Web Scraping with SwiftSoup

Introduction

In this tutorial we’ll use the open-source Swift Soup library to scrape open-source houseplant data from the Wikipedia houseplants page.

Our program will scrape this URL: https://en.wikipedia.org/wiki/Houseplant

Our program will produce a JSON object containing the scraped data. It will look something like this:

{
    "Tropical and subtropical": {
        "Aglaonema" : {
            "description": "These are evergreen perennial herbs with stems…'
        }
        …
    }
    …
}

Reverse engineering the web pages

In order to scrape the data, we need to understand the structure of two types of web pages:

  1. The main Houseplant page.
  2. The individual Houseplant genus pages.

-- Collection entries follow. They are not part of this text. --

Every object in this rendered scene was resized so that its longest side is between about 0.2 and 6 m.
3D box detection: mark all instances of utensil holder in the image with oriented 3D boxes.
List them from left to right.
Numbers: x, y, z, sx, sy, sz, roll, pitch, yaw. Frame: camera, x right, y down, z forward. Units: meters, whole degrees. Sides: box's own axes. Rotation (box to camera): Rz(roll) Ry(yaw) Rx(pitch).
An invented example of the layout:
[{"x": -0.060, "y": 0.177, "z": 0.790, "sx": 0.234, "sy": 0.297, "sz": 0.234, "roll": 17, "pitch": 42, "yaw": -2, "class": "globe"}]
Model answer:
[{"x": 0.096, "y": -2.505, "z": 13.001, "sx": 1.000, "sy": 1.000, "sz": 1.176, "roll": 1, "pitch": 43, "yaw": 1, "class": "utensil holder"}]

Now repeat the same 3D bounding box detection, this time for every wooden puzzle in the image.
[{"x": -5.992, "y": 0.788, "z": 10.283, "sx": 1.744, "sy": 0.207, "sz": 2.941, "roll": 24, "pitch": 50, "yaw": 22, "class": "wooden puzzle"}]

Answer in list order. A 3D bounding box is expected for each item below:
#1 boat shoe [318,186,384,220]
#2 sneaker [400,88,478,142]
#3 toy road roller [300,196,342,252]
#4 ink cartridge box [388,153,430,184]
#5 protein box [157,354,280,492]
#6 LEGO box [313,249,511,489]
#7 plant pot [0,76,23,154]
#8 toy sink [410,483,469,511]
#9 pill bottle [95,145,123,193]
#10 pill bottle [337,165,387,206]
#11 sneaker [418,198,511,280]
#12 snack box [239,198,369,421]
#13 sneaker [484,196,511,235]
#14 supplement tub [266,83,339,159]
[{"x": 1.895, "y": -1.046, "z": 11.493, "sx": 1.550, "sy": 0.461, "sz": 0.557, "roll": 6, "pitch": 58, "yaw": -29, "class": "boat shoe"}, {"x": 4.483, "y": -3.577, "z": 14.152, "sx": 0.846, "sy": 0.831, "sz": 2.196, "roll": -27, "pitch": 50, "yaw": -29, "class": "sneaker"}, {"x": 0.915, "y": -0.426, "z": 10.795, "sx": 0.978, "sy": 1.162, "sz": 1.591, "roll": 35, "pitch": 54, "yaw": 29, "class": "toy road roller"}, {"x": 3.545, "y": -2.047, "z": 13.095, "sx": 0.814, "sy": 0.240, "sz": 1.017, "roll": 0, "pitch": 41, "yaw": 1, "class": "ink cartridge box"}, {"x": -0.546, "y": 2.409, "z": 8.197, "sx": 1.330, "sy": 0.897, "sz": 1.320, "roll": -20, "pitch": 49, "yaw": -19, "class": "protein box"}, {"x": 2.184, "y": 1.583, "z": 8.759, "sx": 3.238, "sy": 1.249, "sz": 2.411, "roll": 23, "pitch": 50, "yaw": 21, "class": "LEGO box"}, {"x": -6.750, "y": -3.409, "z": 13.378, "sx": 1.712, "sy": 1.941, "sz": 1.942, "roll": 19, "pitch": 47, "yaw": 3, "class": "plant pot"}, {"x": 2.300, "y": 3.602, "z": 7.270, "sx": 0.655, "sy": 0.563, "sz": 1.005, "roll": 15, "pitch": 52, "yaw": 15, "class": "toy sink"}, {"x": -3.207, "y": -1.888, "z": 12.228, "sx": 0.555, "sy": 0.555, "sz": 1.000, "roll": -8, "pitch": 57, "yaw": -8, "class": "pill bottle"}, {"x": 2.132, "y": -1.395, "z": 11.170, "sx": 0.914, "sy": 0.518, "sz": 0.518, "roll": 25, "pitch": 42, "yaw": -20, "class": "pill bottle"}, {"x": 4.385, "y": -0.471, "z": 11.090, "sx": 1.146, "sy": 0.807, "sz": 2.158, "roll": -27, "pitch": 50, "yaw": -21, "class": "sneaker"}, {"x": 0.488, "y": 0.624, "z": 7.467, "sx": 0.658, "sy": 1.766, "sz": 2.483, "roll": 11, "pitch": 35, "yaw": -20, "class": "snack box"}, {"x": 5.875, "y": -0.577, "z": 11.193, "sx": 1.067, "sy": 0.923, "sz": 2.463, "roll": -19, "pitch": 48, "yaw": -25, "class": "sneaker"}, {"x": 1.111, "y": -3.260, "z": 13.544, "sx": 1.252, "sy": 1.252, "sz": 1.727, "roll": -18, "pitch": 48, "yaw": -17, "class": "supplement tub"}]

The process of studying a web page to understand how it is structured is called “reverse engineering”. You are reversing the process that was used to create the web page.

The Houseplant page

  1. Use the Chrome web browser to visit the Houseplant page.
  2. Right click on the web page and choose View Page Source from the pop-up menu.
  3. Start reading the document to figure out how it’s structured.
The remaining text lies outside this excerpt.